Records for the task:
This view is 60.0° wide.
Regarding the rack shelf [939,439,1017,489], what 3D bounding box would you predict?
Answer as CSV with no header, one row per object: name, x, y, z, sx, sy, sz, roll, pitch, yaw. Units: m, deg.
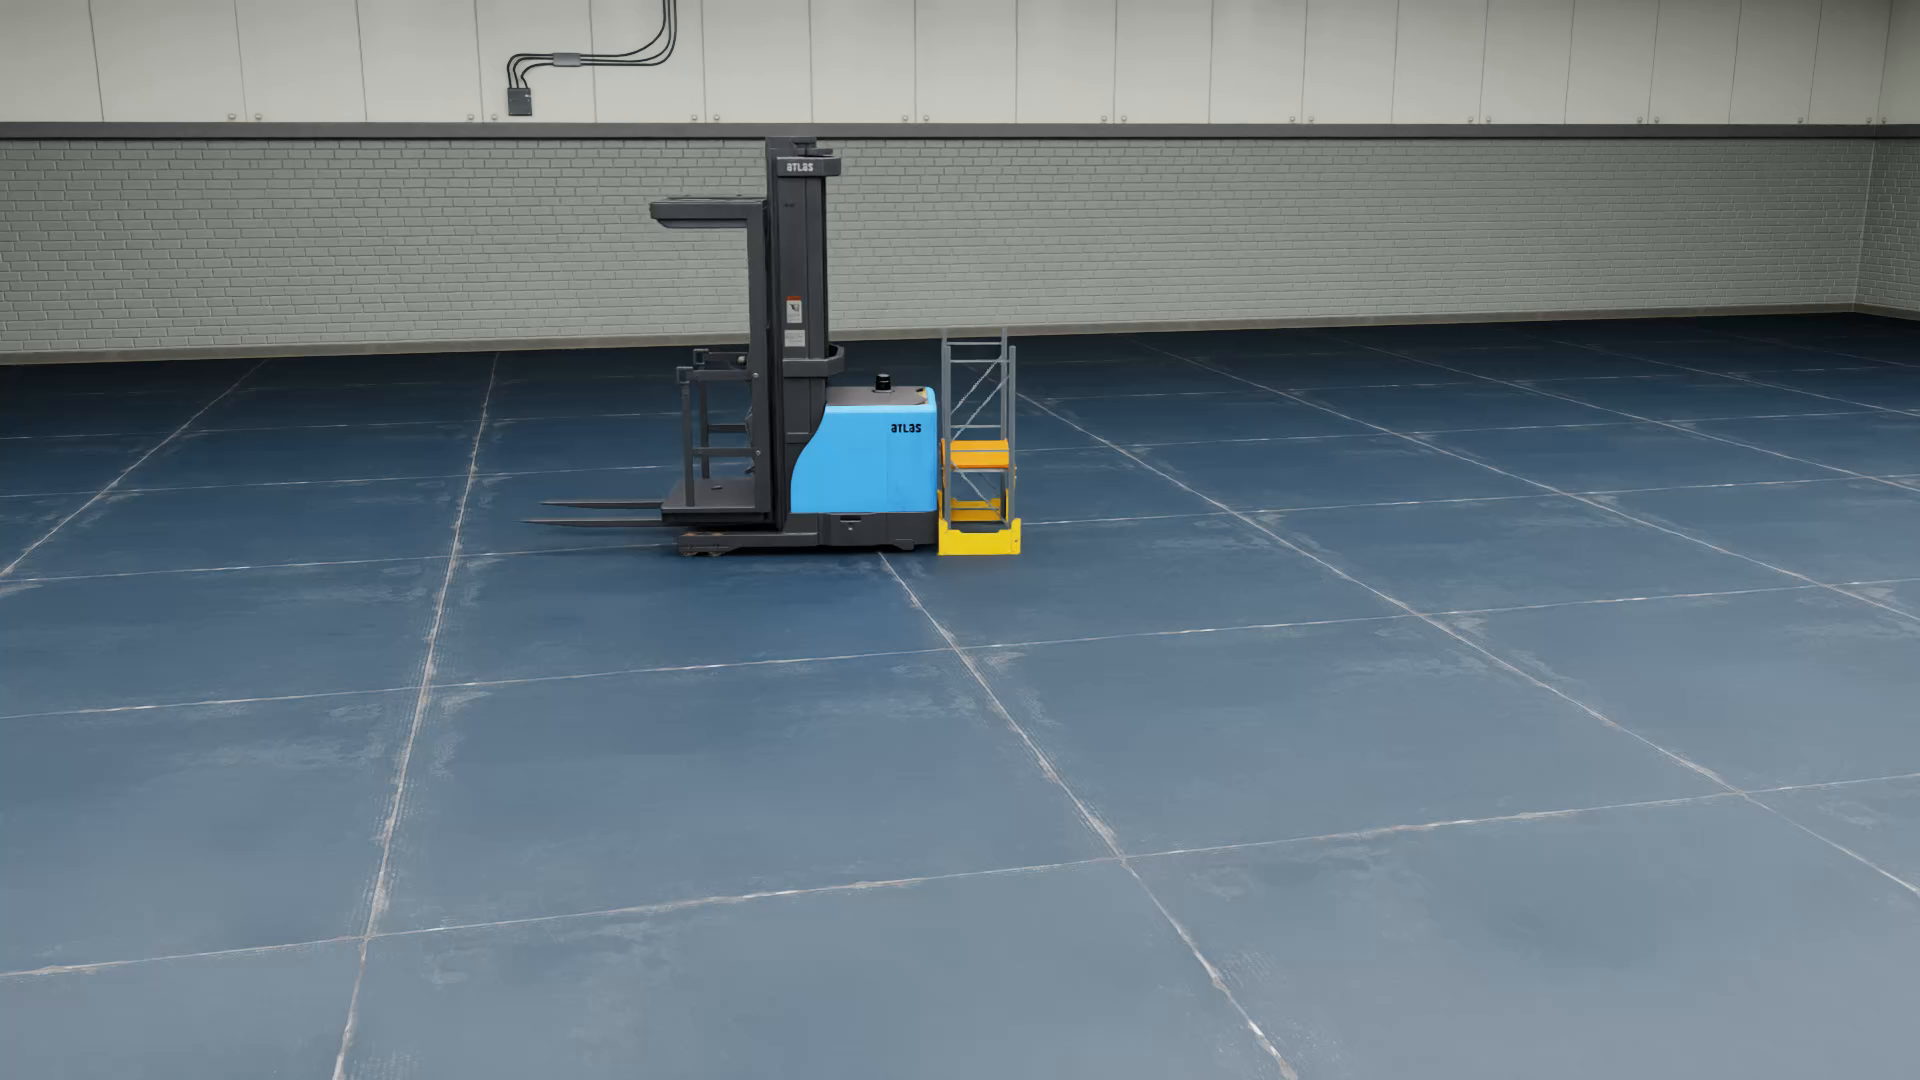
rack shelf,0.125,-0.577,12.384,0.538,0.185,1.000,0,14,-2

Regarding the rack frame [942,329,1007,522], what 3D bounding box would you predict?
rack frame,0.109,-0.872,12.835,0.500,1.500,0.032,0,14,-2

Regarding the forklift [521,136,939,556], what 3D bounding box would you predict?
forklift,-1.681,-1.435,12.124,3.031,2.935,1.130,0,14,-2

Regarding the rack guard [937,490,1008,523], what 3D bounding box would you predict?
rack guard,0.110,-0.260,12.964,0.587,0.250,0.087,0,14,-2

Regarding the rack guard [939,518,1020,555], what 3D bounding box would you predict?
rack guard,0.140,-0.024,11.997,0.587,0.250,0.087,0,14,-2

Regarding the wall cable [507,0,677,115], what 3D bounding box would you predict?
wall cable,-4.993,-8.744,22.090,2.305,6.003,0.169,-3,14,-13

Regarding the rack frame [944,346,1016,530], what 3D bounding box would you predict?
rack frame,0.140,-0.631,11.848,0.500,1.500,0.032,0,14,-2

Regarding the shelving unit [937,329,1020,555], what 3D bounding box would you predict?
shelving unit,0.125,-0.749,12.332,0.587,1.500,1.083,0,14,-2

Task: Find the line with "Answer as CSV". Reproduce it and every line after it through the last line above exactly, leaving out the pictures.

Output of the exercise:
Answer as CSV with no header, one row per object: name, x, y, z, sx, sy, sz, roll, pitch, yaw. Units: m, deg.
rack shelf,0.125,-0.577,12.384,0.538,0.185,1.000,0,14,-2

Regarding the rack frame [942,329,1007,522], what 3D bounding box would you predict?
rack frame,0.109,-0.872,12.835,0.500,1.500,0.032,0,14,-2

Regarding the forklift [521,136,939,556], what 3D bounding box would you predict?
forklift,-1.681,-1.435,12.124,3.031,2.935,1.130,0,14,-2

Regarding the rack guard [937,490,1008,523], what 3D bounding box would you predict?
rack guard,0.110,-0.260,12.964,0.587,0.250,0.087,0,14,-2

Regarding the rack guard [939,518,1020,555], what 3D bounding box would you predict?
rack guard,0.140,-0.024,11.997,0.587,0.250,0.087,0,14,-2

Regarding the wall cable [507,0,677,115], what 3D bounding box would you predict?
wall cable,-4.993,-8.744,22.090,2.305,6.003,0.169,-3,14,-13

Regarding the rack frame [944,346,1016,530], what 3D bounding box would you predict?
rack frame,0.140,-0.631,11.848,0.500,1.500,0.032,0,14,-2

Regarding the shelving unit [937,329,1020,555], what 3D bounding box would you predict?
shelving unit,0.125,-0.749,12.332,0.587,1.500,1.083,0,14,-2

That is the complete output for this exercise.